On Jul 24, 2006, at 1:47 PM, David Blevins wrote:
On Jul 23, 2006, at 9:59 PM, Dain Sundstrom wrote:
One of the biggest problem with using the OpenEJB 2 containers in
3 is the extensive use of Geronimo's TransactionContextManager
class to track transaction related data and to demarc transaction
boundaries. I have just committed the necessary changes to remove
this dependency. We are now managing our own transaction data in
the EjbTransactionContext object (note this is different from the
1 TransactionContext class), and transaction demarcation is
handled by directly manipulating the transaction manager.
Huge improvement.
Thanks :)
I'd like to drop the transaction policy code from the 2 tree
entierly and simply convert the 1 transaction code to an
javax.interceptor.Interceptor implementation, but that is for
another thread.
+1 to that.
Anyways, we are one big step closer merged the 1 and 2 code bases :)

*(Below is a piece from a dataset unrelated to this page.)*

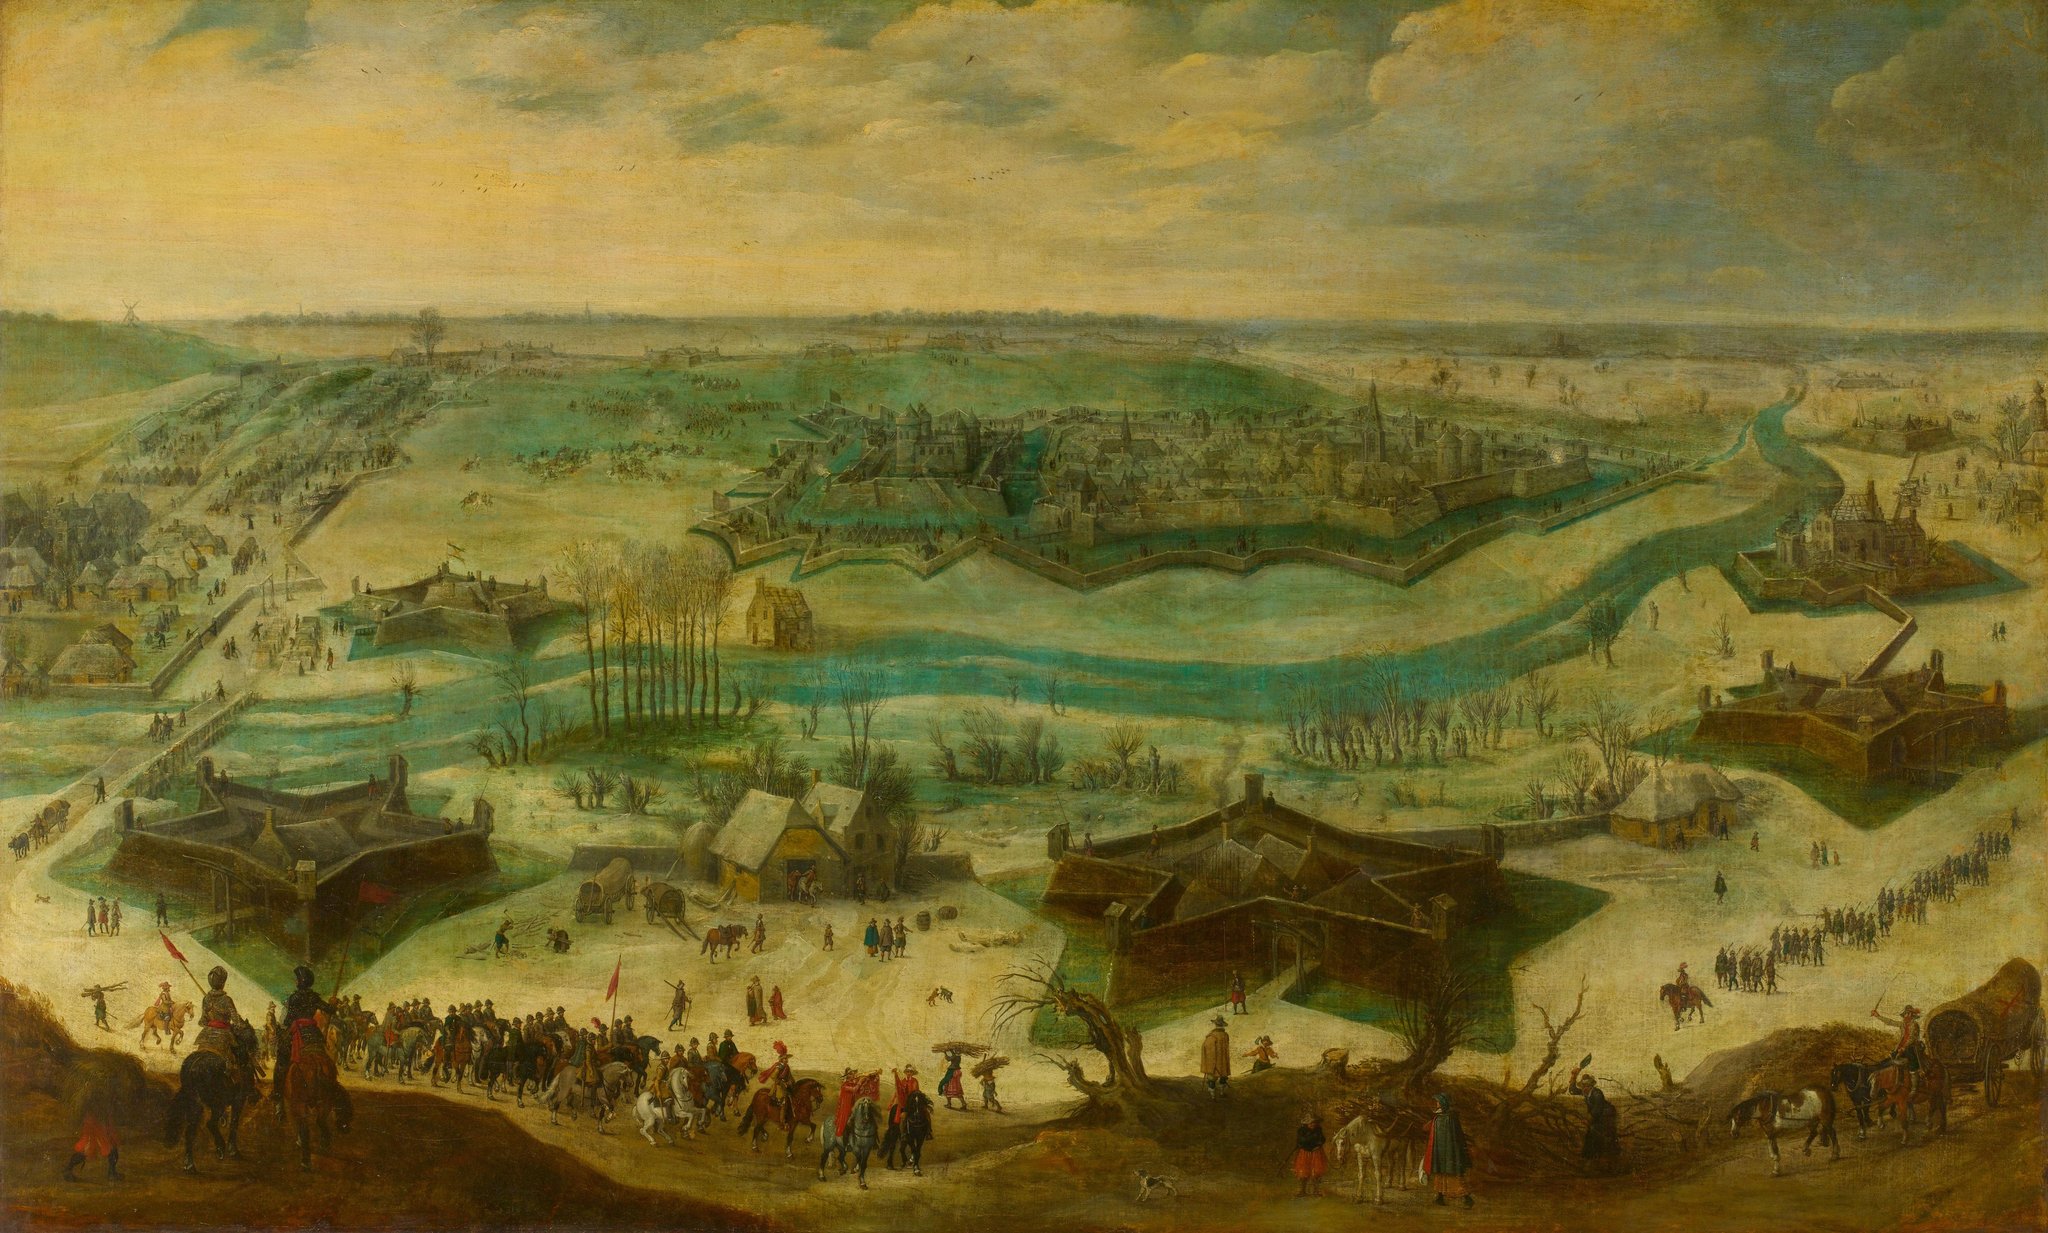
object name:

In the interest of keeping 3 and 2 close together as to make it as
easy as possible for Geronimo to upgrade to 3, what do you think
about merging that back into 2?
I'd love to merge this back into 2 but that will be difficult. The
problem is Geronimo needs to have all transactions demarcated on
TransactionContextManager. If you go directly to the
TransactionManager, the TransactionContextManager will not know that
the transaction state changed under it's feet and will enter an
"inconsistent state".
If we want to merge this into OpenEJB 2 we will either need to create
a TransactionManager implementation that is a wrapper around
TransactionContextManager (there is one in the jencks project that
does that), or we need to convince Geronimo to drop the
TransactionContextManager and just use TransactionManager directly.
The first first option may be possible, but I expect there to be
sublet bugs in the wrapper layer, and the second would be a pretty
big move for Geronimo. After this work, removing TCM from geronimo
will be much easier since OpenEJB was the single biggest user of the
service. The only other service I'm aware of that uses it is the
connector code. Another nice benefit of dropping the TCM is geronimo
components will be much more useable outside of geronimo which will
expand the community.
Anyway, I'll if you want I can take a deeper look at what it will
take to merge this work back into 2.